Anyone who has spent any time swimming in Australia's oceans, particularly in the Great Barrier Reef, begins to appreciate the sensitivity of our marine life and our oceans and to value them. I have been very lucky to have had the experience of spending quite a bit of time swimming and snorkelling up on the Great Barrier Reef. There is a whole new world down there that I have been lucky enough to see and appreciate, and I want to cherish it.

At Christmas time I, like about two-thirds of Canberrans, head to the South Coast. It is sort of Canberra-by-the-sea at Christmas time. I, like everyone else, headed down there for a break and there are a lot of areas that are protected now. The marine life has been protected. There are a lot of zones up and down the South Coast that are now protected. We were down at Guerilla Bay and there is a lovely little inlet there with a cave under the water that you can go snorkelling in. For the first time, I saw a seal at Guerilla Bay. It was just extraordinary, because like everywhere along the South Coast there are Canberrans who have been going there for decades. There was a man on the beach who had been going there since 1961 and he said this was the first time in his life he had seen a seal in Guerilla Bay, which is pretty extraordinary, given the location. I think that highlights what can be achieved when we look after our marine life and protect our marine areas and how they can be replenished and rejuvenated as a result of our taking care of them, taking them seriously and cherishing them.

I understand the concerns about this particular issue. As I said, I have had many, many people from my electorate as well as throughout Australia contact my office, because the stakes here are very high. We are not talking about a simple fishing vessel here; this is about a supertrawler. It is the industrialisation of fishing. If something goes wrong, if the science is not as originally predicted, then the price we pay will be irreversible.

There are also genuine concerns, despite what the member for Dawson said, from some recreational fishers. They are people like me who have a genuine concern about our marine life and the health of our oceans. There are also concerns that we get this right so that future generations have sustainable fish stocks. I remember my husband telling me about a time he was flying up to China, I think, or somewhere in North Asia. It was at night-time, he was up in the cockpit with the pilot and they were looking down on the waters there. It must have been some bay that he was overlooking. He said that there was a row of lights, of boats in the ocean, almost cheek by jowl. They were lined up right across the ocean, going out to fish in those oceans. Just think about the consequences and what that means, the impact on the marine life when you have those sorts of volumes, not just here in Australia but throughout the region. It is incredibly important that we have sustainable fish stocks in Australia but also throughout the world. That is why I really welcome this decision by Minister Burke.

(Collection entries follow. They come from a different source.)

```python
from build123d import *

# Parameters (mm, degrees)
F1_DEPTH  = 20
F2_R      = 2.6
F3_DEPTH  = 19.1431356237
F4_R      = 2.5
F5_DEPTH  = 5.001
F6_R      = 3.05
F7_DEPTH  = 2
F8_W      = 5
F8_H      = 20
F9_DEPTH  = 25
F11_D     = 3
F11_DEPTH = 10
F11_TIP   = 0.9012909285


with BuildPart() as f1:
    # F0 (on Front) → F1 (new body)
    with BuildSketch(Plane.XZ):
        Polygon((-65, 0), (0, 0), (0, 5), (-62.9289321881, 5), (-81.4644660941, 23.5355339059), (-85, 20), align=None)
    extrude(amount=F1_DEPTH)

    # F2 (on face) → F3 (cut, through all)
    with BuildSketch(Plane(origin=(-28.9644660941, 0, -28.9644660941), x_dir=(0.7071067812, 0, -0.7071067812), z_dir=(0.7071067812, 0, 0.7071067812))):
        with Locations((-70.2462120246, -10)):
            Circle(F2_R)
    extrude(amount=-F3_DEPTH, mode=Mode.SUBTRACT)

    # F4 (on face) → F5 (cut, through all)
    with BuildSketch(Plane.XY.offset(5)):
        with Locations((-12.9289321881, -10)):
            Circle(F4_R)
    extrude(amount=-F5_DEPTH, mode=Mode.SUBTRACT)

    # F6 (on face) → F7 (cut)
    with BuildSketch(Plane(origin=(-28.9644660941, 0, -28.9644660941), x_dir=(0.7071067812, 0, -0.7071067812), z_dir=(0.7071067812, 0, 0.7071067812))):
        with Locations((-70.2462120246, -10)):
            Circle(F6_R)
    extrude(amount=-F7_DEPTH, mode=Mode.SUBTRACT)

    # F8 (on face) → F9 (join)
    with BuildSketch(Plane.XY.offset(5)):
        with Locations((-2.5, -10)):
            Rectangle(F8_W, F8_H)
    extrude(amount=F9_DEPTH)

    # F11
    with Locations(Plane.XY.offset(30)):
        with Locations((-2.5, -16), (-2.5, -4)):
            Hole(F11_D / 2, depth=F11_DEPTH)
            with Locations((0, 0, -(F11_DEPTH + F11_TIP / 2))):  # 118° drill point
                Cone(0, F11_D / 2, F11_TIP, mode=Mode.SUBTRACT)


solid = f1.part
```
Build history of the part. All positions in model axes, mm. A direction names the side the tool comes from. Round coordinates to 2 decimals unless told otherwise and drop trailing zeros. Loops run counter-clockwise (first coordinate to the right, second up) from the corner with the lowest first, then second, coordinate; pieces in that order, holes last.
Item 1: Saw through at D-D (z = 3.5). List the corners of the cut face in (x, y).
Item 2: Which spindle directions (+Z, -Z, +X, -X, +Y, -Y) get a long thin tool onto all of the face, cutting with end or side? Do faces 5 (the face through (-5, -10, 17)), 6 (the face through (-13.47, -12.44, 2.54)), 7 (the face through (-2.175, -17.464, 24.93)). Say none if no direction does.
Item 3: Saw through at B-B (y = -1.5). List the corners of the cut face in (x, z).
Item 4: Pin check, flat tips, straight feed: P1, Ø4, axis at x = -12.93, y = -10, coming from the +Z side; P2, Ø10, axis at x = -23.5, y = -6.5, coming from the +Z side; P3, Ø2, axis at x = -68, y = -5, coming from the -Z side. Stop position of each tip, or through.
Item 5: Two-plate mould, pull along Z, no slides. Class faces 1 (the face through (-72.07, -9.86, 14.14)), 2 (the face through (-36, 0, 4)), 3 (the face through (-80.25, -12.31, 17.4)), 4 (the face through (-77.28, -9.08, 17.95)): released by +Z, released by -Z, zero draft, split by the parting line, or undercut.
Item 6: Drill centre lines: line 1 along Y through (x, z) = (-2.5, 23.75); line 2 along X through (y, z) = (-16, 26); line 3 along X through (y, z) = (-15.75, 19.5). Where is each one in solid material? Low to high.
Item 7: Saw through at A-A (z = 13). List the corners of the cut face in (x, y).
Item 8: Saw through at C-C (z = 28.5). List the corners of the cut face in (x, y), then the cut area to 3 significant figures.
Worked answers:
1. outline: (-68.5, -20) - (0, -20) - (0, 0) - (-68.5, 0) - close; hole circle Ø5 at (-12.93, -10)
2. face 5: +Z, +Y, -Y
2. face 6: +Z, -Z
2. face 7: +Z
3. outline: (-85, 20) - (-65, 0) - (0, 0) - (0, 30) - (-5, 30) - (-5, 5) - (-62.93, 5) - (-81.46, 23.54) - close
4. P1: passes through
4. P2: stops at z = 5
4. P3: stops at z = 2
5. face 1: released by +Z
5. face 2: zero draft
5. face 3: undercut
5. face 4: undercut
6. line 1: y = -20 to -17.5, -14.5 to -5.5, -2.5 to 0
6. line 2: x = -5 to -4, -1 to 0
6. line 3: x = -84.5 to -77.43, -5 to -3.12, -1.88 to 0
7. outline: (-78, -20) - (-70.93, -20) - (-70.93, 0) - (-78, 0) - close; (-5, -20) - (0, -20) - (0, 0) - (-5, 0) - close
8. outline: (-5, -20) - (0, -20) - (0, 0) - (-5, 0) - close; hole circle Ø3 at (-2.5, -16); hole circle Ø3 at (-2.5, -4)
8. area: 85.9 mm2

I also welcome a cautious approach when it comes to the sustainability and future health of our oceans and our marine life. I would have thought that those opposite would share our caution when concerns are raised and join with the government in ensuring critical decisions are made based on the best scientific evidence. It is the right thing to do, to put a pause on fishing activities like this and make the right decision. Like many others, when I first heard about this supertrawler I was concerned. Like many others, I made my concerns known and this is why I am so pleased with the actions taken by the minister to ensure further investigation of the issues and the evidence.

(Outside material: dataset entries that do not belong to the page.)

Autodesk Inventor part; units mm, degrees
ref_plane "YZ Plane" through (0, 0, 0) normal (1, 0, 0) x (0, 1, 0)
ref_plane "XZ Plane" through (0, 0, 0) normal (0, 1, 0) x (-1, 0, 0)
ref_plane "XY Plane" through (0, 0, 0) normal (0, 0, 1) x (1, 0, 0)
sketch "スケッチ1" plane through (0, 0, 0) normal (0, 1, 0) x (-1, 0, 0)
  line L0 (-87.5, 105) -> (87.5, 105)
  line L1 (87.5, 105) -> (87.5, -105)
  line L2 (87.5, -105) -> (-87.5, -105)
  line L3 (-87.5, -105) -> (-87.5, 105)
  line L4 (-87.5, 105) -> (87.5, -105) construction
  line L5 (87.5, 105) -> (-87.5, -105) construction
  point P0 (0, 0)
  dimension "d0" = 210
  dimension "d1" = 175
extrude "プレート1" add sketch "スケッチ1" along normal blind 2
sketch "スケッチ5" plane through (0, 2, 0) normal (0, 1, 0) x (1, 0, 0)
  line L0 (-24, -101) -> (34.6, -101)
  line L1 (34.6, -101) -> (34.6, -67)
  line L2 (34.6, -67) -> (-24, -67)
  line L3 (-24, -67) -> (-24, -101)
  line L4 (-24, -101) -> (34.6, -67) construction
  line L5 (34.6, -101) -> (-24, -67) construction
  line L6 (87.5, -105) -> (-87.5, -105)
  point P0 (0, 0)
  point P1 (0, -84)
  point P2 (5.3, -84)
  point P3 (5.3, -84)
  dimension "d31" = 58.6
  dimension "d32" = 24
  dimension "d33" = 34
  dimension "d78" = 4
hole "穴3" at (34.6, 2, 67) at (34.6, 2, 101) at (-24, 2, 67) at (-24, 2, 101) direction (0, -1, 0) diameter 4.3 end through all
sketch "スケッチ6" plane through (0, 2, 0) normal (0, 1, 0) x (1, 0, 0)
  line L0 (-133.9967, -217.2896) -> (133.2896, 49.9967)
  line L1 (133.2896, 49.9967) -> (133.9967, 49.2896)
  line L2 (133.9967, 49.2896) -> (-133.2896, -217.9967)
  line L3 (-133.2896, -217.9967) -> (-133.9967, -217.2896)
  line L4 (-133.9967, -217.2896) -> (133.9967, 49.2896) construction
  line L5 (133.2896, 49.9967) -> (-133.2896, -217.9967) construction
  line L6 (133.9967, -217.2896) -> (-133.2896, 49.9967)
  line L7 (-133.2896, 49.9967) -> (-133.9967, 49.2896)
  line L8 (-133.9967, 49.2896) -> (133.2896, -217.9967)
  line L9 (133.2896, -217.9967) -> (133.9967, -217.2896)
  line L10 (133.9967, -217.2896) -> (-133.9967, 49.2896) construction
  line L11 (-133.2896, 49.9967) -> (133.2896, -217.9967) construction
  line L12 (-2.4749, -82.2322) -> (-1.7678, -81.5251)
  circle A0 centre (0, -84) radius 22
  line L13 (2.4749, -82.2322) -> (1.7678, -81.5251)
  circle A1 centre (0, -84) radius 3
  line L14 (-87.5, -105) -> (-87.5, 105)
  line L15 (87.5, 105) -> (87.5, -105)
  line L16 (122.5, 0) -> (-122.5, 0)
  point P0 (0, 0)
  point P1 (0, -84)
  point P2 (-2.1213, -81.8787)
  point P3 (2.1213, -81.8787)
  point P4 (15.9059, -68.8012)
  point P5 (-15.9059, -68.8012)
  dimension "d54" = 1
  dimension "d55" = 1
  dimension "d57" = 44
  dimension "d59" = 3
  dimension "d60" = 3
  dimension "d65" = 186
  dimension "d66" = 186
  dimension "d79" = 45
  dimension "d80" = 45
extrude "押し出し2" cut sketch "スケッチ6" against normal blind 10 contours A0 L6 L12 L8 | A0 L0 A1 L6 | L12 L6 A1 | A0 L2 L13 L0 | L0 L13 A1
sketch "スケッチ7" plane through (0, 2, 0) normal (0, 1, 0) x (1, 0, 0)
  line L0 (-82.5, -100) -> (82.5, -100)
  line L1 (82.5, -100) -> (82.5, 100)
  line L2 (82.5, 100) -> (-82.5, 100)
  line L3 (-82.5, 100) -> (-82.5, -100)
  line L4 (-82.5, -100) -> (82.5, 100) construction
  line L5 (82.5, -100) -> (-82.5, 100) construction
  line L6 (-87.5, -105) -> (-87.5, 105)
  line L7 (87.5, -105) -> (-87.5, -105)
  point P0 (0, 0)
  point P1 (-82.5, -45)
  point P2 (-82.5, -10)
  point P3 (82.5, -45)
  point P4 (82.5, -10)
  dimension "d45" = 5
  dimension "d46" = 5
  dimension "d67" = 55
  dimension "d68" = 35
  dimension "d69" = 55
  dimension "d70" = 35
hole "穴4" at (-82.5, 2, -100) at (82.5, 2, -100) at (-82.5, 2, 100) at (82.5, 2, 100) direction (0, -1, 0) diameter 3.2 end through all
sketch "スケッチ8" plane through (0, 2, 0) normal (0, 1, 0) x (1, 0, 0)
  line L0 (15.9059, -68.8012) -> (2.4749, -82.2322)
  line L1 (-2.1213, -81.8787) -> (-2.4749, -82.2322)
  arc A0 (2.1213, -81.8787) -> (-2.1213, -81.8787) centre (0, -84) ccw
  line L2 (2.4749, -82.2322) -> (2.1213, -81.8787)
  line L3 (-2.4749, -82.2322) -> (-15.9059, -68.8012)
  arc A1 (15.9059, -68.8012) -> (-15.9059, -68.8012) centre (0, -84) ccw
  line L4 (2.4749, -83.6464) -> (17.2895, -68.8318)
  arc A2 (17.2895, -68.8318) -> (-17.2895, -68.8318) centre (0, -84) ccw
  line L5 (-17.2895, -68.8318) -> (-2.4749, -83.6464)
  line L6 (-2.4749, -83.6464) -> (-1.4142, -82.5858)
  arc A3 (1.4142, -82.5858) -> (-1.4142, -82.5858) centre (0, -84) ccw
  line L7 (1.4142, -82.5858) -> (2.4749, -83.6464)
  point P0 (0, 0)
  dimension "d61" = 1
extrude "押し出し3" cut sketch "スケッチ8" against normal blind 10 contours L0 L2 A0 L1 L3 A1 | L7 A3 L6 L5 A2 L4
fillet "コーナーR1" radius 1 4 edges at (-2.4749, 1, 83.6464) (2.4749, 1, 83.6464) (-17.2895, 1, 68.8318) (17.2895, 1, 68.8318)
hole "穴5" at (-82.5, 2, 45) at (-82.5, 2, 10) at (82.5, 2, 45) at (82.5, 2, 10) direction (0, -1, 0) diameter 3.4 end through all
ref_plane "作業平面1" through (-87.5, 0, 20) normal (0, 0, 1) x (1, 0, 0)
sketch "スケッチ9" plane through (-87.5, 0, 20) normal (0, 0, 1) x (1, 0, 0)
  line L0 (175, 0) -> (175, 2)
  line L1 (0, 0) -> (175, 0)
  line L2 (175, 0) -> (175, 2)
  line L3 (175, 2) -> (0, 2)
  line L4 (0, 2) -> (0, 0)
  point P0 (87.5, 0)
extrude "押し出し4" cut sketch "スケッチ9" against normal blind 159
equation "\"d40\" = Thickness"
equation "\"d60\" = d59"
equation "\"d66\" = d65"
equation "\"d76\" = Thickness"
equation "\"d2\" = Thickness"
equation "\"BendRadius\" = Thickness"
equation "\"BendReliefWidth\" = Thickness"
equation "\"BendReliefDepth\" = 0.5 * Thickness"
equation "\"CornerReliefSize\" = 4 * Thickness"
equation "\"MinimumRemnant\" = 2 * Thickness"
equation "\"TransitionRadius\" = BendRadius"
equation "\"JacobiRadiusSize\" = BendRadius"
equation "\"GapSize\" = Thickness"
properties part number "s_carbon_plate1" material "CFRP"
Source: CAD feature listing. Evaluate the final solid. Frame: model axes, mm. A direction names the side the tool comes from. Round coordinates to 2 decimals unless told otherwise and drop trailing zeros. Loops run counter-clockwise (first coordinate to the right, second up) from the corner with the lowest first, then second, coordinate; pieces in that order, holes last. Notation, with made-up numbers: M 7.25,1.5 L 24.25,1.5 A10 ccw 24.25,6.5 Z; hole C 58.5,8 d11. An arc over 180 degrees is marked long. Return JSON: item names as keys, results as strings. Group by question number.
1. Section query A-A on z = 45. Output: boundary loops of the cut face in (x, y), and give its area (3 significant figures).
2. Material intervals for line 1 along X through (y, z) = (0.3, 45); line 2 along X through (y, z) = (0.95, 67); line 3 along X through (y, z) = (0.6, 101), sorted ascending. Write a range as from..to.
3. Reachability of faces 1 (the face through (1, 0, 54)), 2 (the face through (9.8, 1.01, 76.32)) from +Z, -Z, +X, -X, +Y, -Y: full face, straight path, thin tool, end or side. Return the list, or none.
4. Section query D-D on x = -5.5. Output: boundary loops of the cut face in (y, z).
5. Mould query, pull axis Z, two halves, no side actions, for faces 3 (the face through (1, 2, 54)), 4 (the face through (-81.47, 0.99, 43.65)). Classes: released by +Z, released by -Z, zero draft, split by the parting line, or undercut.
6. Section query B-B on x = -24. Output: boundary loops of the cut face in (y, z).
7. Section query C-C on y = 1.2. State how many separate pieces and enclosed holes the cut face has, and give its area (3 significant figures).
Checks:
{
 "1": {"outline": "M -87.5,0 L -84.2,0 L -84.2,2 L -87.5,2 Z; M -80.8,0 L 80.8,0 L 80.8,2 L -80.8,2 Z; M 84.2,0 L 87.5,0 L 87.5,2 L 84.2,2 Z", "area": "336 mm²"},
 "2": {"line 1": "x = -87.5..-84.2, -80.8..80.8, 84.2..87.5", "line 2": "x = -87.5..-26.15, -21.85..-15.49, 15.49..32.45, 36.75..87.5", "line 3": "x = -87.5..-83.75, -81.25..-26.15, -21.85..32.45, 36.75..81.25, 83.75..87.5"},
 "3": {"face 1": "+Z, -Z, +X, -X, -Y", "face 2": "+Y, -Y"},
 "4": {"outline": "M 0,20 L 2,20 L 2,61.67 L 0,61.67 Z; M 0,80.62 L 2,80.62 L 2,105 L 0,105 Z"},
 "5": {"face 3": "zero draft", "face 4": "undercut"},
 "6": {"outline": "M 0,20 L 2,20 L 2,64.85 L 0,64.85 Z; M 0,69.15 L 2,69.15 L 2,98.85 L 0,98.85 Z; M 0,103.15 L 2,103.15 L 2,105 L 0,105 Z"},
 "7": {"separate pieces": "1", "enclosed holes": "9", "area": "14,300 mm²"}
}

I also welcome the review that the minister has announced into fisheries management. Fishing techniques have changed dramatically over recent decades. We have not had a review of this nature for 20 years. I think the last really serious world-leading fishing management approach was taken by the Hawke government in the early 1990s. So I really welcome the review and this root and branch assessment of how we maintain our fisheries and our world leading status in that area. I commend the government for responding to a matter of great importance to the people of Canberra and to Australians and to the future of our fisheries and our ocean life.